Many people who've never seen high-performing teams in action (I mean genuinely high-performing, not just the ones who self-claim they are ...), assume that all that you need to form such a team is:
- assign them a mission (they could identify with)
- grant them a sufficient level of autonomy
- make sure that everyone has a correct mindset (e.g., high bias for action)
- assure a necessary level of diversity of viewpoints and ...
... well, just wait - magic is going to happen just by itself.
But real life is not a fairy tale. For a bunch of reasons, this approach does not work. Consistently. Smart people & autonomy are not enough without real accountability - why so?
First of all, good intentions do not work. And no one has made it more clear than Jeff Bezos himself:
"When you are asking for good intentions, you are not asking for a change, because people already had good intentions. But if good intentions don't work, what does? Mechanisms work."
Mechanisms > intentions
One has to amplify good intentions (& the moments of occasional inspiration) with mechanisms that turn them into habits. The mechanism doesn't necessarily mean 100% automation or opinionated software to impose a full-blown workflow on you. It may be as simple as a checkbox, an additional step in a process, a new information radiator, or a weekly review meeting. What makes it a "mechanism" is the iron discipline of execution. It doesn't happen because someone has to remember about it - it's there because of ruthless automation, adjusted configuration/template, or an updated calendar invite.
But wait, more than just a bunch of mechanisms is needed (to build a high-performing team).
Have you heard about a phenomenon called the Hawthorne Effect? You can read about it here in detail, but the short story is:
People do adjust their behavior if they are aware there's someone else observing them.
It's nothing new; there's even a very old Polish adage - "pańskie oko konia tuczy" (in Eng.: "the eye of the master makes the horse fat"), which basically says the very same thing. But wait, isn't that contradictory to common truths that have become very popular in the IT industry? For instance:
"Build projects around motivated individuals. Give them the environment and support they need, and trust them to get the job done." (ref.: Agile Manifesto)
Isn't inspection yet another form of micro-management? An attempt by poor managers to justify the existence of their job positions? Nope. Well, you know what they say - every good idea can be twisted if bad intentions are present, but ...
On motivation
There are tons of learning materials (both online & offline) on motivation. For some reason, authors tend to focus on positive motivation (what encourages us, drives us, and gives us energy to push forward). But there's also the other side of the equation - the negative motivation: what discourages us, sucks the energy out of us, and adds friction that gradually slows us down to a halt.
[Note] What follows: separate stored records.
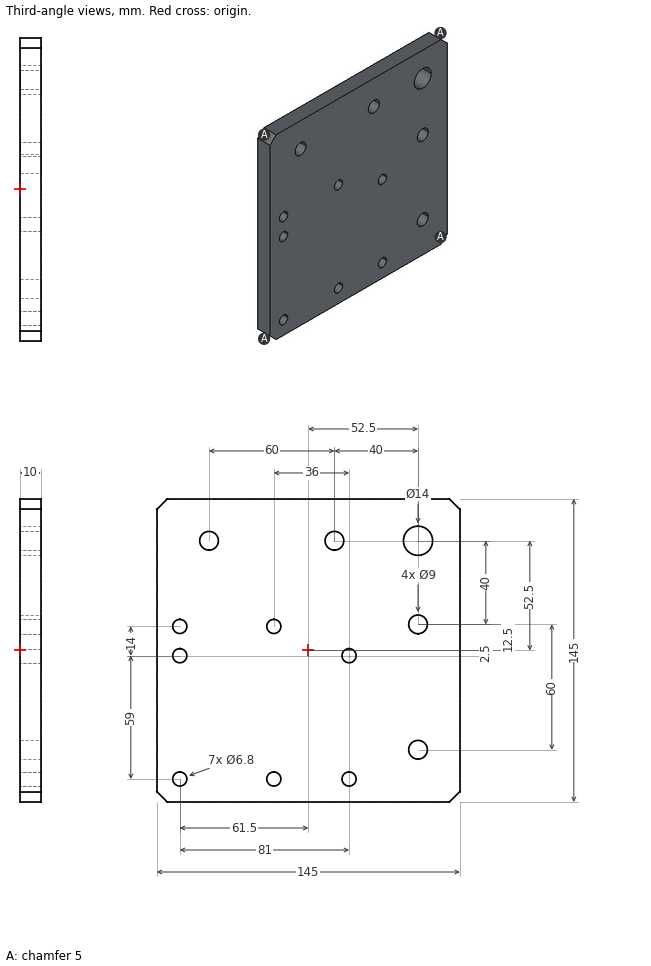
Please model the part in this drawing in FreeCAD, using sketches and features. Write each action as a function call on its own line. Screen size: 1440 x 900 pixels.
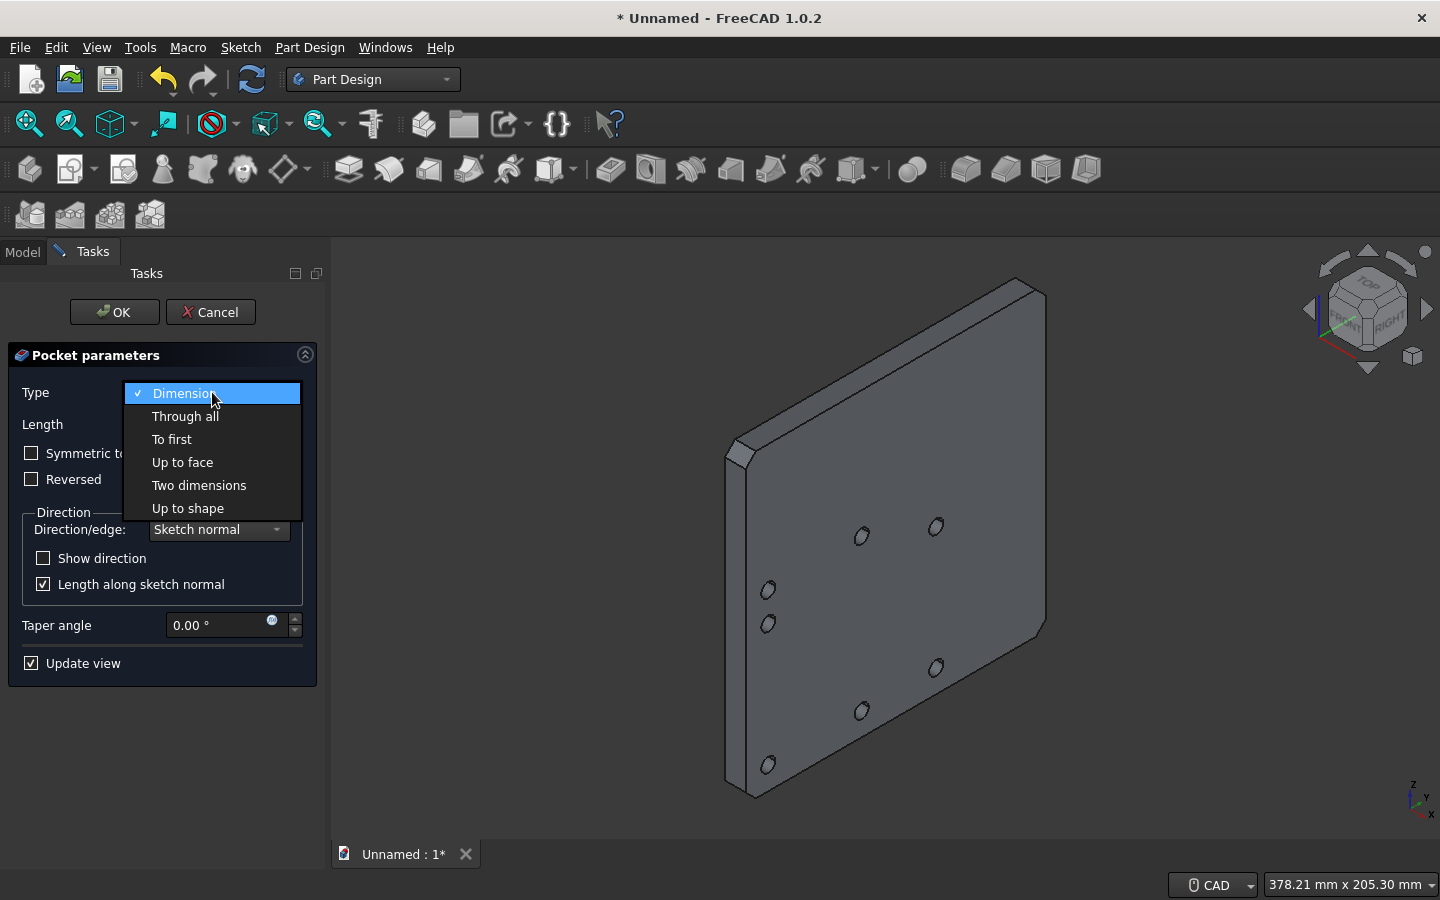
click(212, 416)
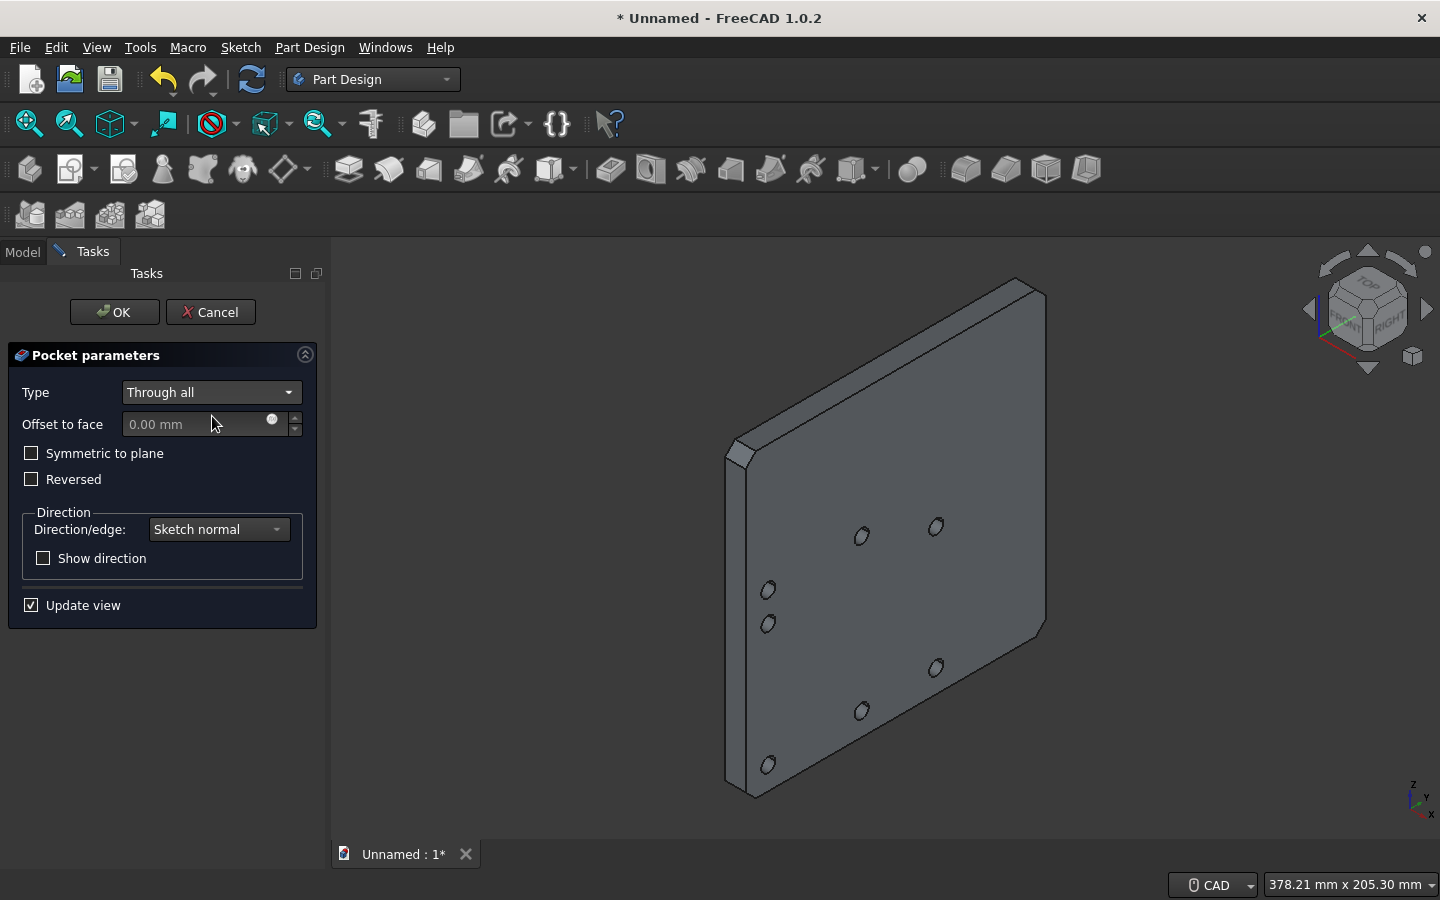
click(115, 312)
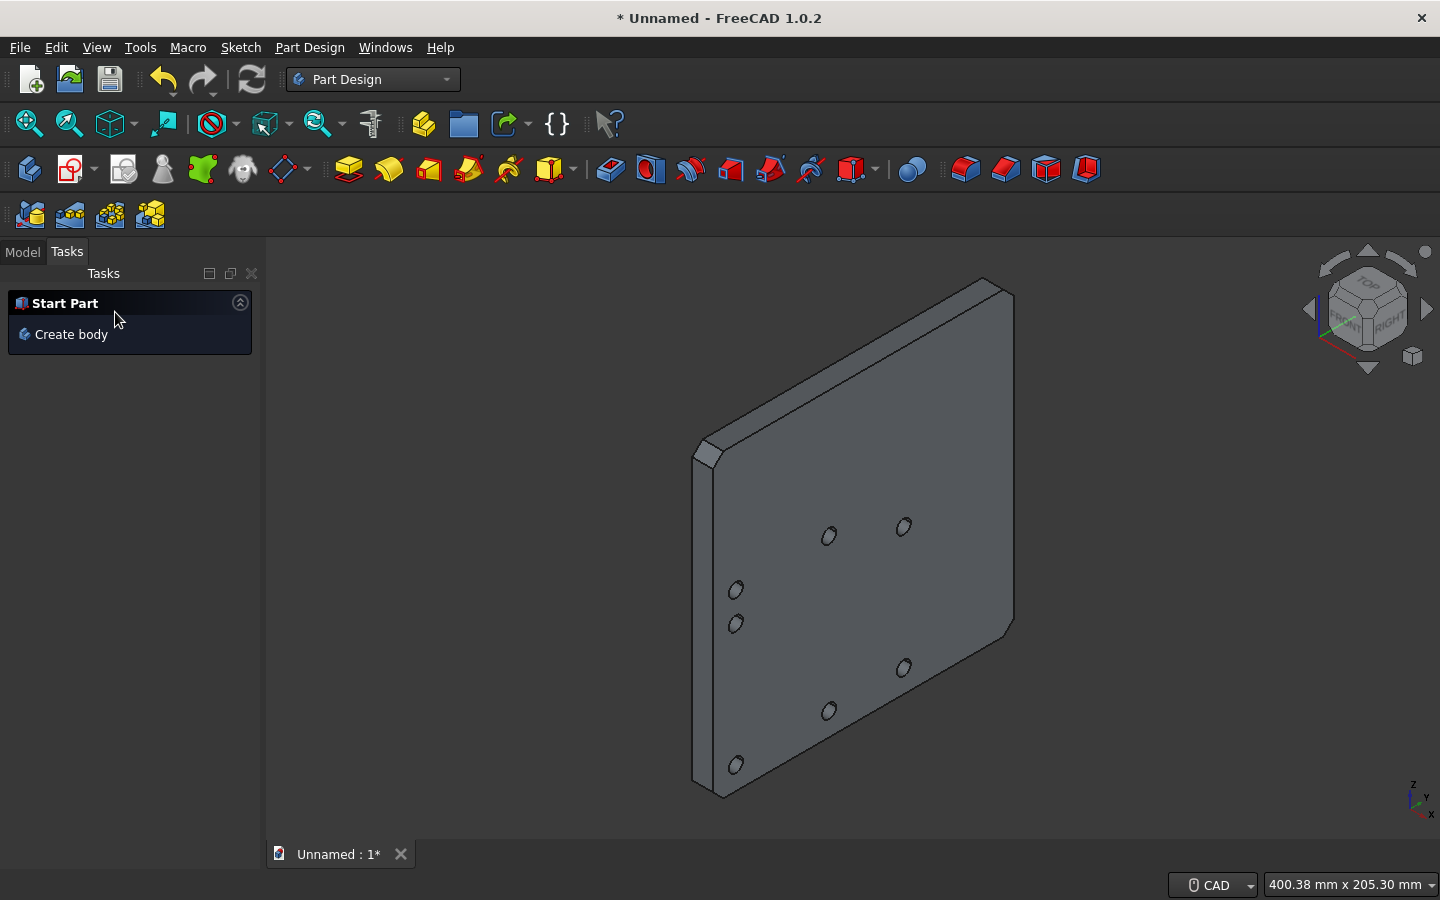
click(949, 394)
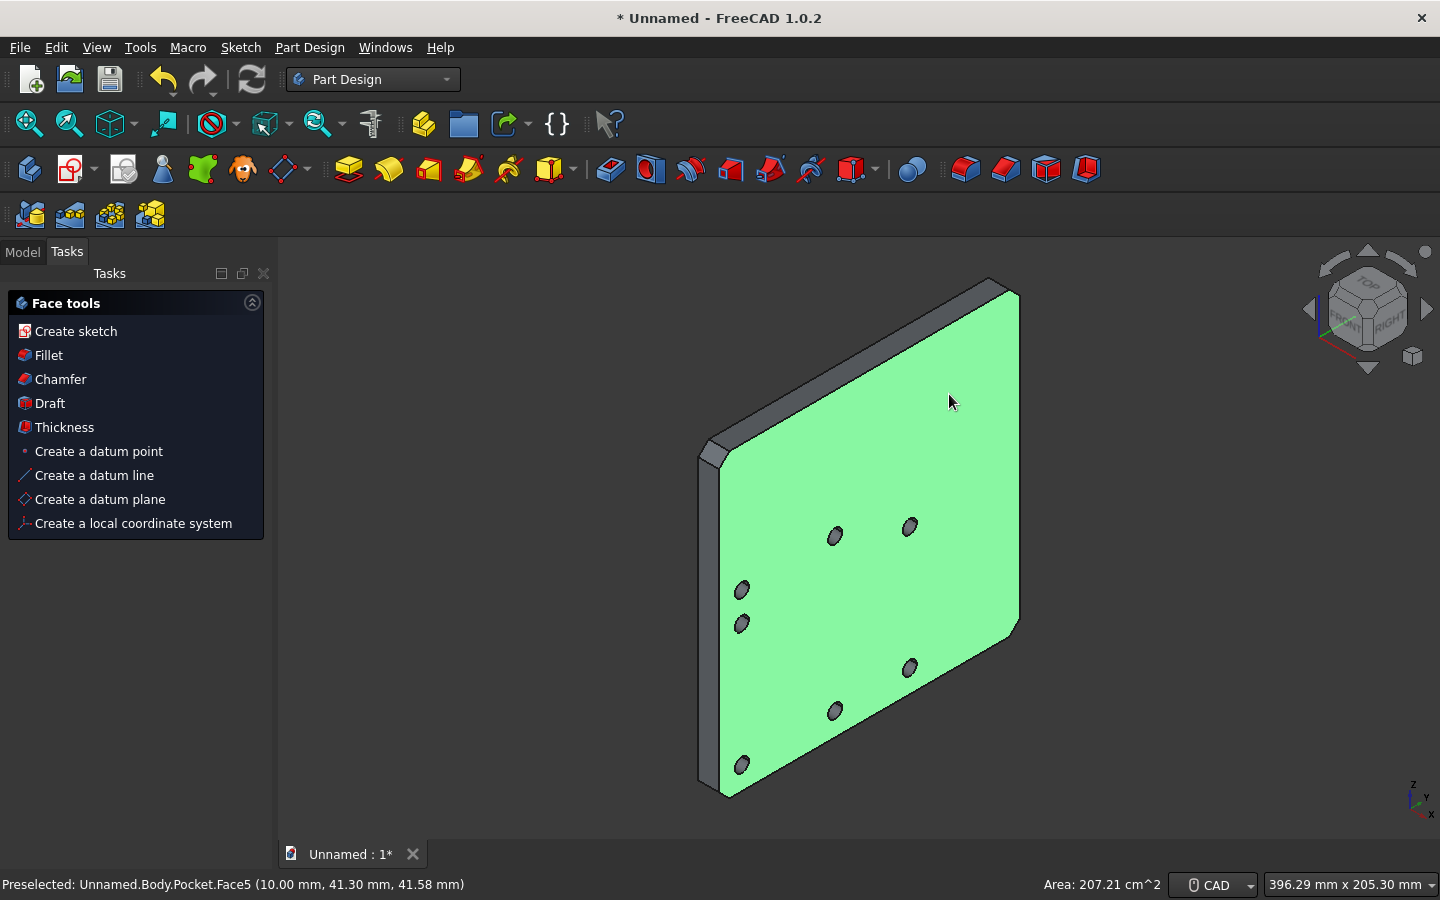
click(70, 170)
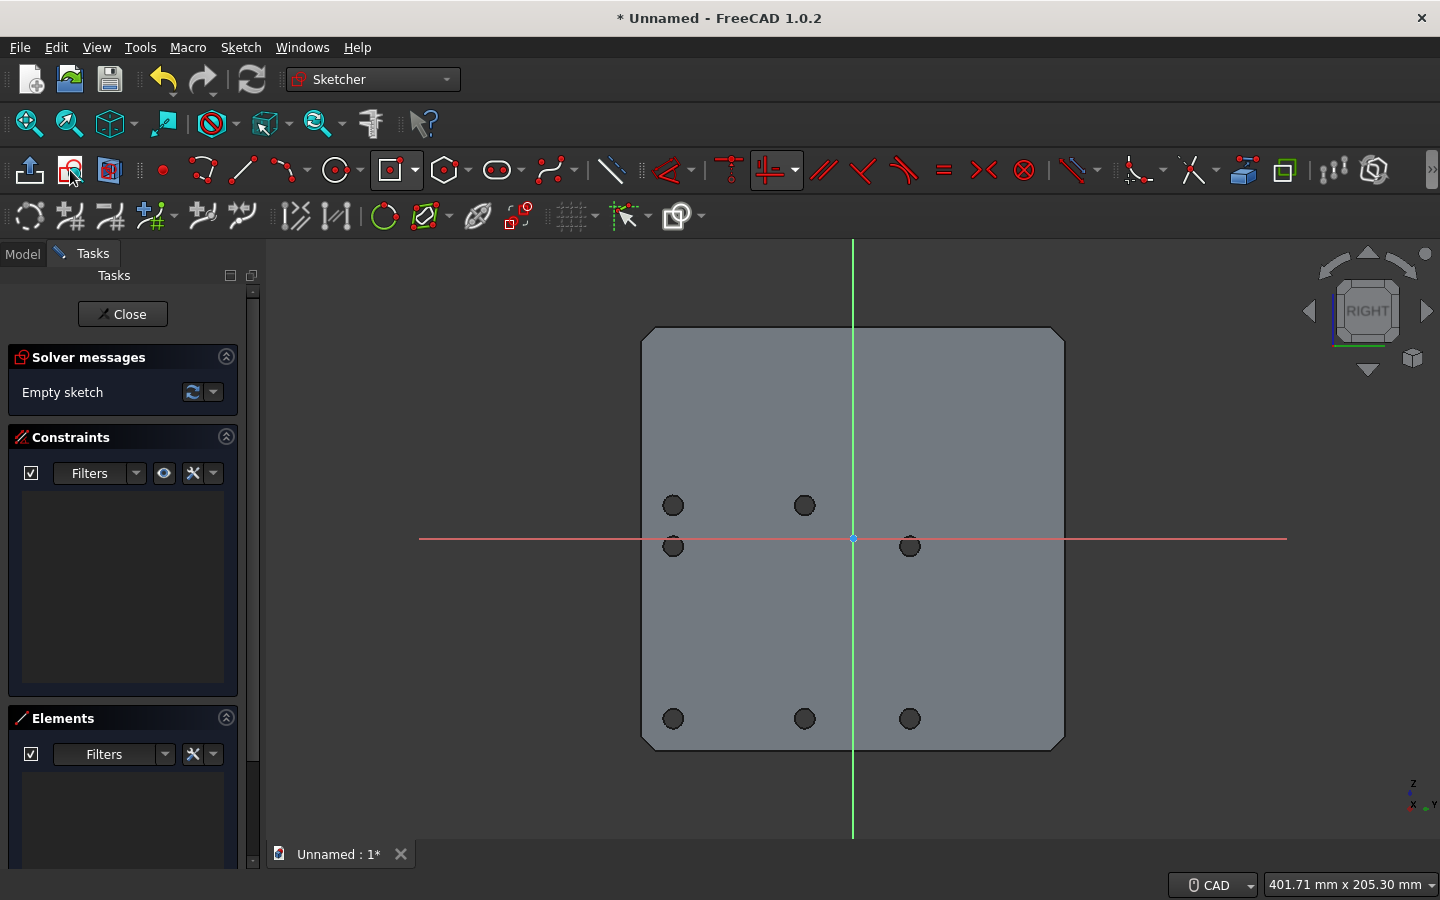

IM(NS)HO, there are very few demotivators that are more destructive than indifference. It doesn't really matter that the product vision resonates with you personally, that you're at the perfect equilibrium between the comfort (of knowing) & the discomfort (of learning), and that there are no technical obstacles to make your life miserable, if ... no-one cares for what you're building (and/or how you're building it):
- No one inspects the outcome and shares feedback (on different levels, from tech intricacies to UX).
- No one recognizes where you've gone beyond and added something extra, but also, no one candidly points out shortages & shortcomings.
- There's no one to transparently & honestly verify your commitments - did you deliver what you were accountable for?
- No folks are interested in your learnings - stuff that you grasped on the way, that may also be relevant to them (as individuals, a team, or an organization).
- Last but not least - there's no one to remind you vividly of the real outcome of what you've built: did it make any difference? Moved any needle? Helped someone achieve anything?
The Hawthorne effect is out there, and it's REAL. We, humans, have an inner compass that drives us towards the highest ROI (for ourselves) - if we see that something doesn't matter (in practice, as declarations may differ ...), we intuitively stop caring about it, even if we instinctively feel it SHOULD matter.
We like to know someone cares (for real) for what we do. Not because they want to catch us red-handed (when we've screwed up something), but because it means that what we do TRULY MATTERS. Yes, it adds some stress. Yes, it triggers (constructive) conflicts. And yes, there may be critical feedback that could be hard to swallow. But in the end, that's necessary to make us stronger, better, and more determined.
And without that inconvenience, you can't build a high-performing team. Greatness is not carved with convenience, complacency, or indifference.